The only American combat use of the M46 Patton was during the Korean War. On 8 August 1950, the first M46 Patton tanks, belonging to the 6th Tank Battalion, landed in South Korea. The M46 proved to be capable against North Korean T-34 medium tanks. By the end of 1950, 200 M46 Pattons had been fielded, forming about 15% of US tank strength in Korea; the balance of 1,326 tanks shipped to Korea during 1950 were 679 M4A3 Shermans (including the M4A3E8 variant), 309 M26 Pershings, and 138 M24 Chaffee light tanks. Subsequent shipments of M46 and M46A1 Pattons allowed all remaining M26 Pershings to be withdrawn during 1951, and most Sherman equipped units were also reequipped.

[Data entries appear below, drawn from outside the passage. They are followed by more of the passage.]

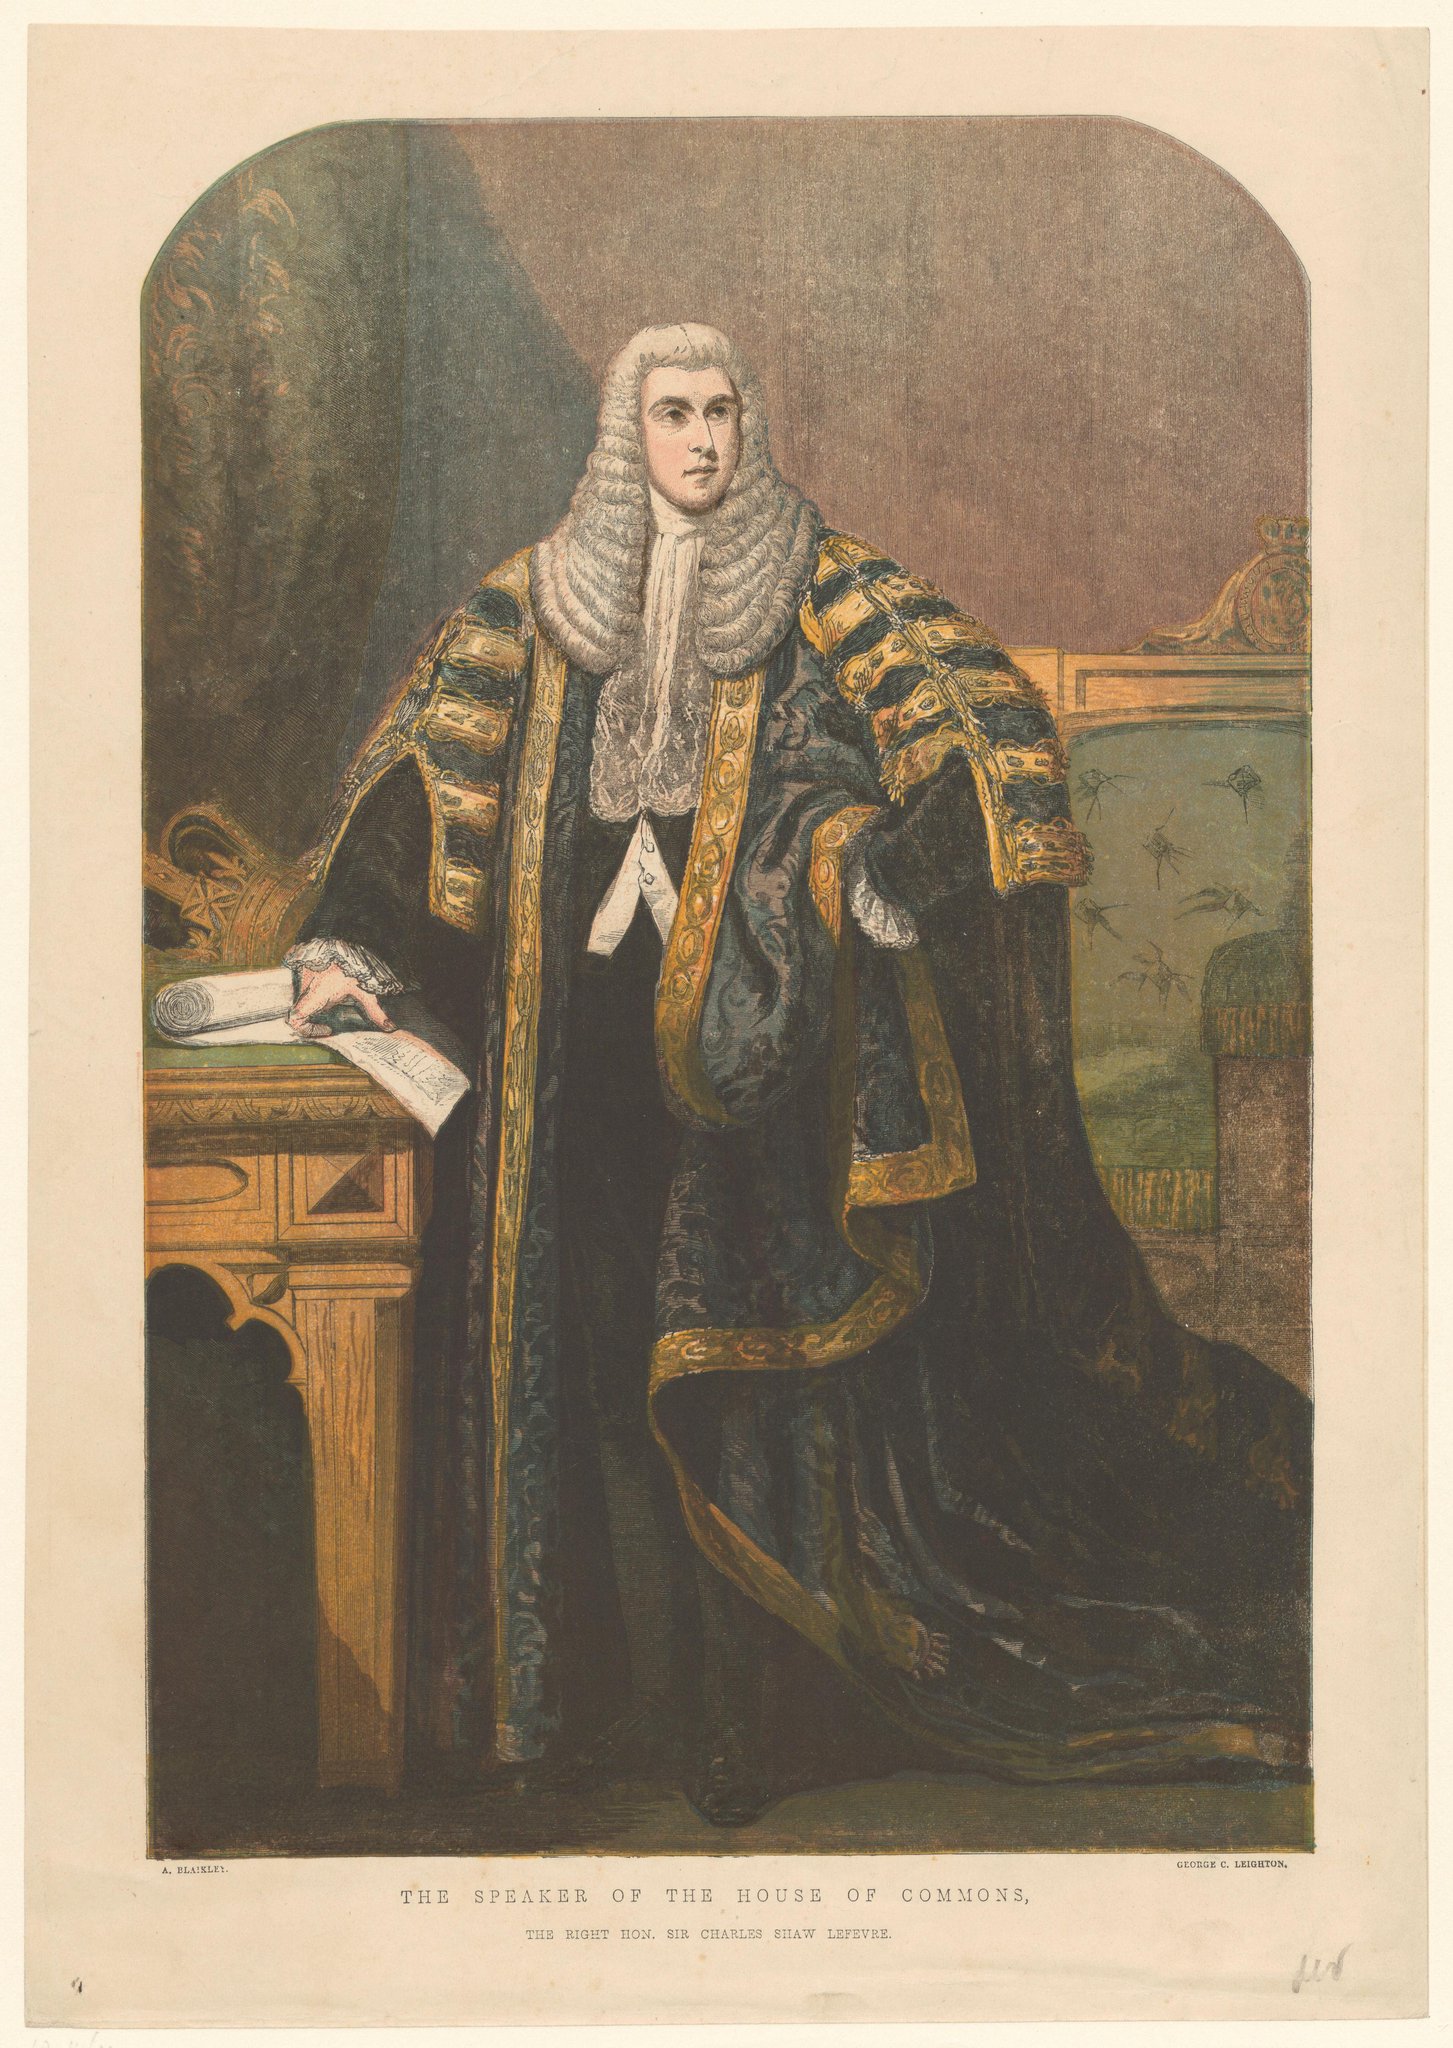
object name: print
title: Portret van sir Charles Shaw-Lefevre
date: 1857
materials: paper
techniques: wood engraving
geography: london
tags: politician, adult man, historical persons, mantle, gown, dress (symbol of sovereignty), scroll
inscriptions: collector's mark: Lugt 2228
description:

M46 series operators include: 1st Tank Battalion and regimental Antitank Platoons of the 1st Marine Division by 1952, 72nd Armor Regiment of the 2nd Infantry Division by January 1952, 64th Tank Battalion of the 3rd Infantry Division, 73rd Tank Battalion of the 7th Infantry Division by January 1951, 6th Tank Battalion of the 24th Infantry Division, 140th Tank Battalion (took over the tanks of the 6th Tank Battalion) and regimental tank companies of the 40th Infantry Division by October 1951, and the 245th Tank Battalion of the 45th Infantry Division by 1952. Several other regimental tank companies gained M46/M46A1s by the end of the war, including the 7th and 65th Infantry Regiments of the 3rd Infantry Division.

A surviving example of the M46 Patton tank can be seen on display at the War Memorial of Korea in Seoul.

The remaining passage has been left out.